You could then use the viser to visualize the results:

python viser/visualizer_monst3r.py --data results/davis_joint/bear
# if the dynamic mask is noisy, one could visualize per-frame pointcloud by adding: --no_mask

For the complete scripts to evaluate the camera pose / video depth / single-frame depth estimation on the Sintel, Bonn, KITTI, NYU-v2, TUM-dynamics, ScanNet, and DAVIS datasets.
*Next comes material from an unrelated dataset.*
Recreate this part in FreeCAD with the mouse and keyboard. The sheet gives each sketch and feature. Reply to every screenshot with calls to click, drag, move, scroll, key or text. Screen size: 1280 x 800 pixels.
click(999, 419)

Please refer to the evaluation_script.md for more details.

Training

Please refer to the prepare_training.md for preparing the pretrained models and training/testing datasets.
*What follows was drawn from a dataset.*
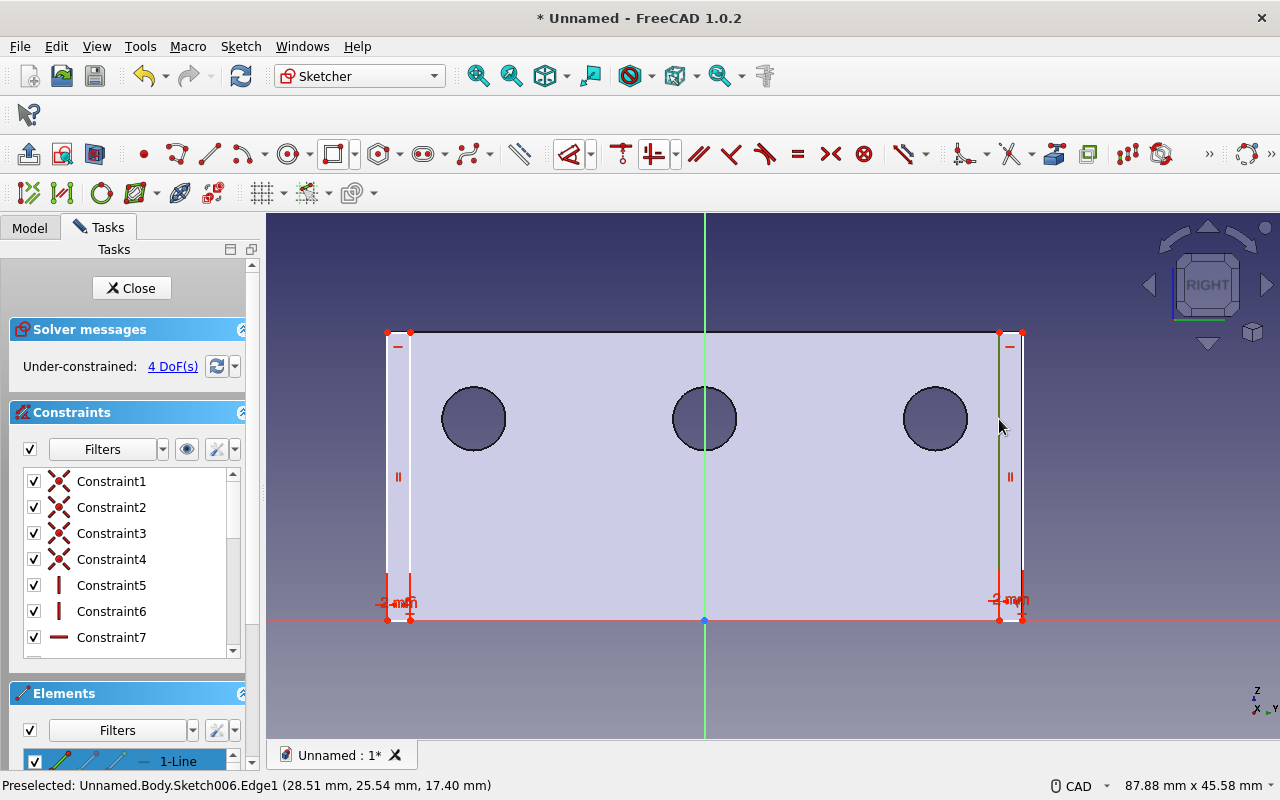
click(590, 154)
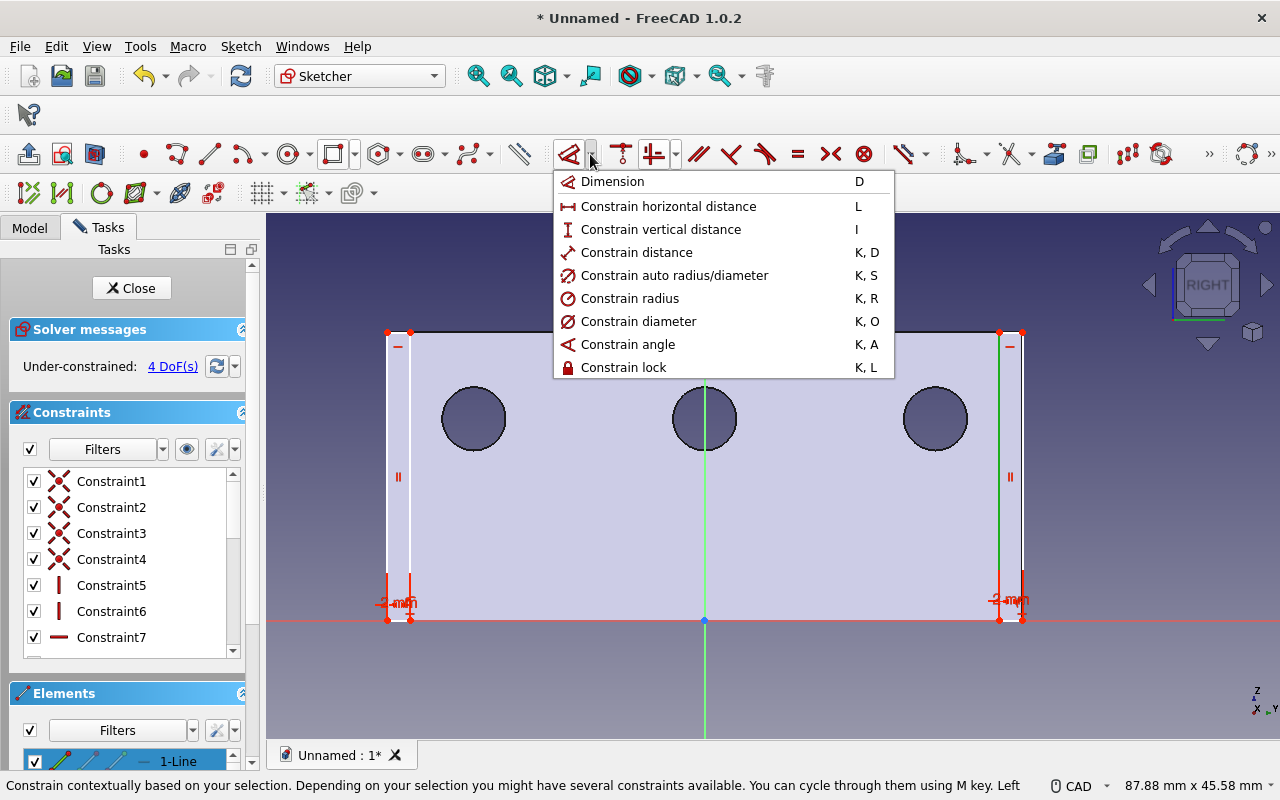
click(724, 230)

Then, you can train the model using the following command:

CUDA_VISIBLE_DEVICES=0,1 torchrun --nproc_per_node=2 --master_port=29604 launch.py  --mode=train \
    --train_dataset="10_000 @ PointOdysseyDUSt3R(dset='train', z_far=80, dataset_location='data/point_odyssey', S=2, aug_crop=16, resolution=[(512, 288), (512, 384), (512, 336)], transform=ColorJitter, strides=[1,2,3,4,5,6,7,8,9], dist_type='linear_1_2', aug_focal=0.9)+ 5_000 @ TarTanAirDUSt3R(dset='Hard', z_far=80, dataset_location='data/tartanair', S=2, aug_crop=16, resolution=[(512, 288), (512, 384), (512, 336)], transform=ColorJitter, strides=[1,2,3,4,5,6,7,8,9], dist_type='linear_1_2', aug_focal=0.9)+ 1_000 @ SpringDUSt3R(dset='train', z_far=80, dataset_location='data/spring', S=2, aug_crop=16, resolution=[(512, 288), (512, 384), (512, 336)], transform=ColorJitter, strides=[1,2,3,4,5,6,7,8,9], dist_type='linear_1_2', aug_focal=0.9)+ 4_000 @ Waymo(ROOT='data/waymo_processed', pairs_npz_name='waymo_pairs_video.npz', aug_crop=16, resolution=[(512, 288), (512, 384), (512, 336)], transform=ColorJitter, aug_focal=0.9)"   \
    --test_dataset="1000 @ PointOdysseyDUSt3R(dset='test', z_far=80, dataset_location='data/point_odyssey', S=2, strides=[1,2,3,4,5,6,7,8,9], resolution=[(512, 288)], seed=777)+ 1000 @ SintelDUSt3R(dset='final', z_far=80, S=2, strides=[1,2,3,4,5,6,7,8,9], resolution=[(512, 224)], seed=777)"   \
    --train_criterion="ConfLoss(Regr3D(L21, norm_mode='avg_dis'), alpha=0.2)"  \
    --test_criterion="Regr3D_ScaleShiftInv(L21, gt_scale=True)"   \
    --pretrained="checkpoints/DUSt3R_ViTLarge_BaseDecoder_512_dpt.pth"   \
    --lr=0.00005 --min_lr=1e-06 --warmup_epochs=3 --epochs=50 --batch_size=4 --accum_iter=4  \
    --save_freq=3 --keep_freq=5 --eval_freq=1  \
    --output_dir="results/MonST3R_PO-TA-S-W_ViTLarge_BaseDecoder_512_dpt"

Citation

If you find our work useful, please cite:

@article{zhang2024monst3r,
  author    = {Zhang, Junyi and Herrmann, Charles and Hur, Junhwa and Jampani, Varun and Darrell, Trevor and Cole, Forrester and Sun, Deqing and Yang, Ming-Hsuan},
  title     = {MonST3R: A Simple Approach for Estimating Geometry in the Presence of Motion},
  journal   = {arXiv preprint arxiv:2410.03825},
  year      = {2024}
}

Acknowledgements

Our code is based on DUSt3R and CasualSAM, our camera pose estimation evaluation script is based on LEAP-VO, and our visualization code is based on Viser. We thank the authors for their excellent work!